Synthesizing Subject-matter Expertise for Variable Selection in Causal Effect Estimation: A Case Study
- Objective: To empirically assess different strategies for Directed Acyclic Graph (DAG) creation and the resulting minimal adjustment sets for estimating a known causal effect (adherence on mortality in the CDP trial).
- Key Finding (Efficiency): The results confirm that including nonconfounding prognostic factors (outcome predictors) significantly reduced variance (increased efficiency) of the causal effect estimate, aligning with theoretical statistical advice.
- Recommendation: Researchers should prioritize the exhaustive identification of all potential outcome prognostic factors as the initial and most crucial step when constructing DAGs for causal effect estimation.
PubMed: 38860706 DOI: 10.1097/EDE.0000000000001758 Overview generated by: Gemini 2.5 Flash, 26/11/2025
Background and Purpose
Directed Acyclic Graphs (DAGs) are a crucial theoretical tool for covariate selection in causal effect estimation, as they allow researchers to identify minimal adjustment sets that control for confounding. However, there is limited empirical research on the practical creation of these graphs. This paper assesses different approaches to DAG construction using data from the Coronary Drug Project (CDP) trial. The focus is on estimating the effect of placebo adherence on mortality, a relationship where the true causal effect is assumed to be zero (as a placebo cannot cause mortality), providing a robust benchmark for comparing methods.
Study Methods and Design
The authors created multiple DAGs based on various strategies for identifying and linking variables. For each DAG, the corresponding minimal adjustment sets were derived to control for confounding variables. These adjustment sets were then applied to the CDP data under two primary modeling strategies:
- Baseline-only Adjustment: Estimating the cumulative effect of adherence on mortality by adjusting only for baseline covariate values in a standard regression.
- Time-Varying Adjustment: Estimating the effect by adjusting for time-varying covariates of adherence using Inverse Probability Weighting (IPW).
Empirical Results
Effect of Nonconfounding Prognostic Factors
When estimating the cumulative effect using only baseline covariates, the results showed that the specific choice of covariates had minimal effect on the (expectedly biased) point estimates. However, including nonconfounding prognostic factors (variables that predict the outcome but not the exposure) led to smaller variance estimates. This finding provides empirical support for the theoretical advice that including prognostic factors increases the efficiency of the causal estimate without introducing bias.

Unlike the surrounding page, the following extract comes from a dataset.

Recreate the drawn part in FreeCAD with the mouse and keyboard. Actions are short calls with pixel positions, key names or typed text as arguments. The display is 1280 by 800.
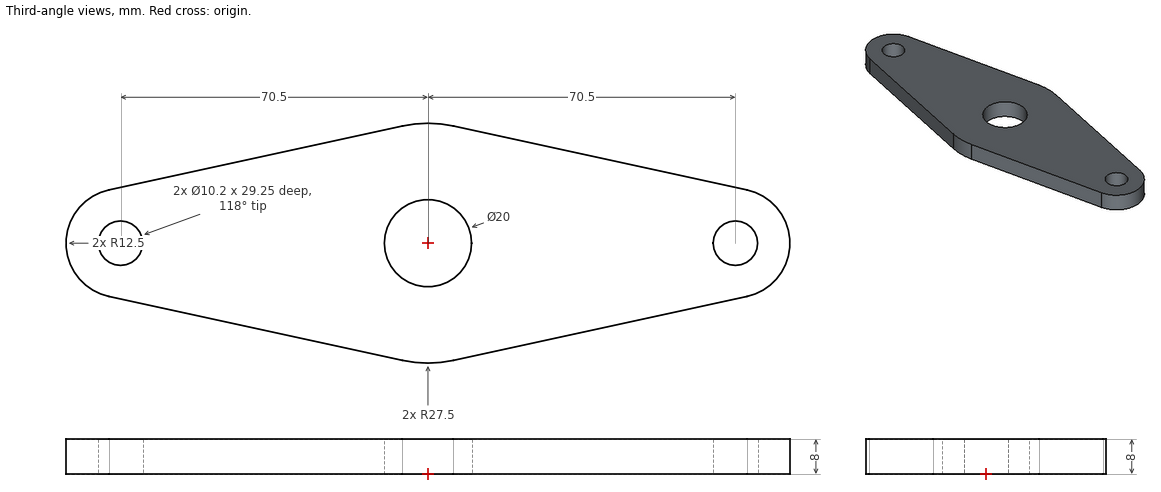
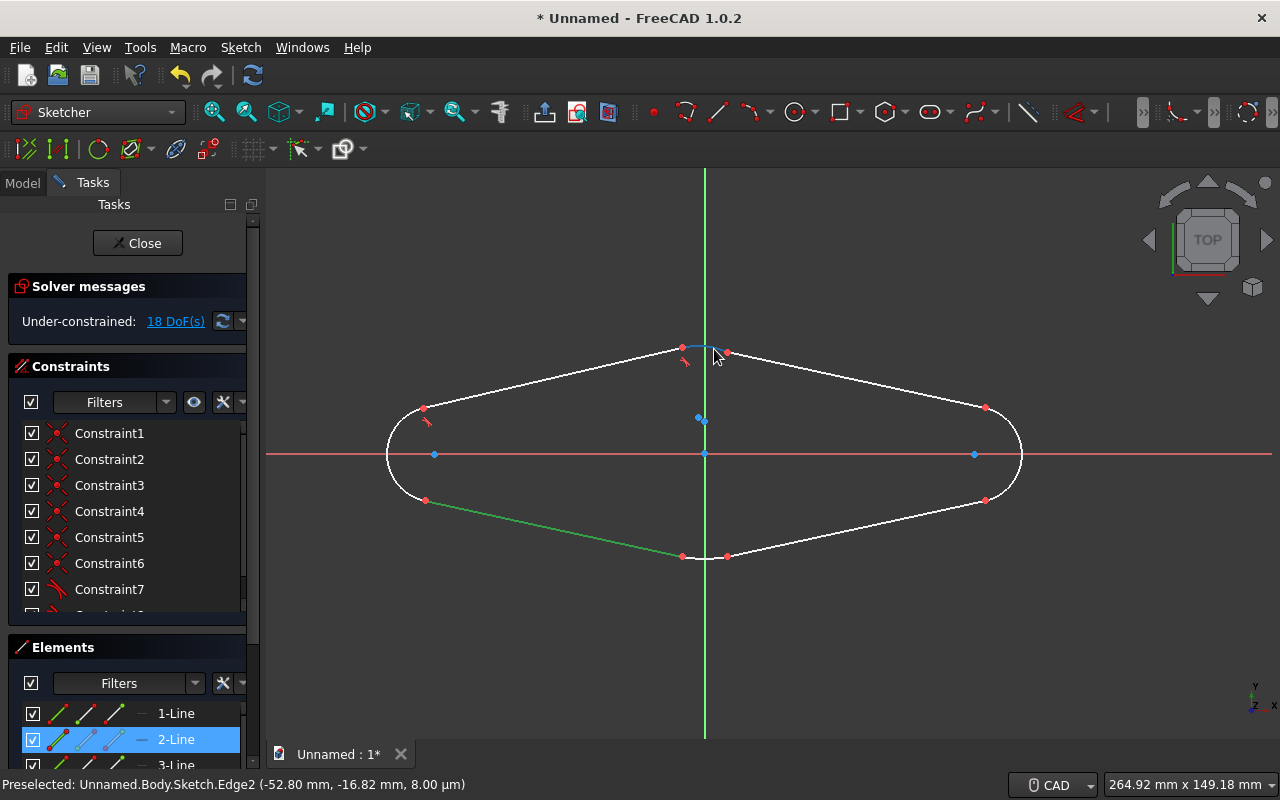
click(394, 430)

Effect of Exposure Predictors
Conversely, when using IPW to adjust for time-varying covariates, adjustment sets that included exposure predictors that were not prognostic factors were shown to result in less bias control.
Performance of DAG Creation Strategies
Overall, the DAGs that were explicitly created by focusing subject-matter expertise on the identification of potential outcome prognostic factors performed best, particularly in the more complex time-varying covariate scenario using IPW.
Conclusions and Recommendations
Confirmation of Theory
The study empirically confirms key theoretical advice regarding causal variable selection:
- Include Prognostic Factors: Identifying and including covariates that are strong predictors of the outcome (prognostic factors) but not predictors of the exposure is highly recommended to reduce variance and increase statistical power.
- Caution with Exposure Predictors: Covariates that are strong predictors of the exposure but not the outcome may interfere with bias control and should be considered with caution.
Practical Recommendation
The paper recommends that researchers and subject-matter experts begin the hand-creation of DAGs with a systematic effort to identify and include all potential outcome prognostic factors, as this strategy proved most effective in constructing a robust adjustment set for causal effect estimation.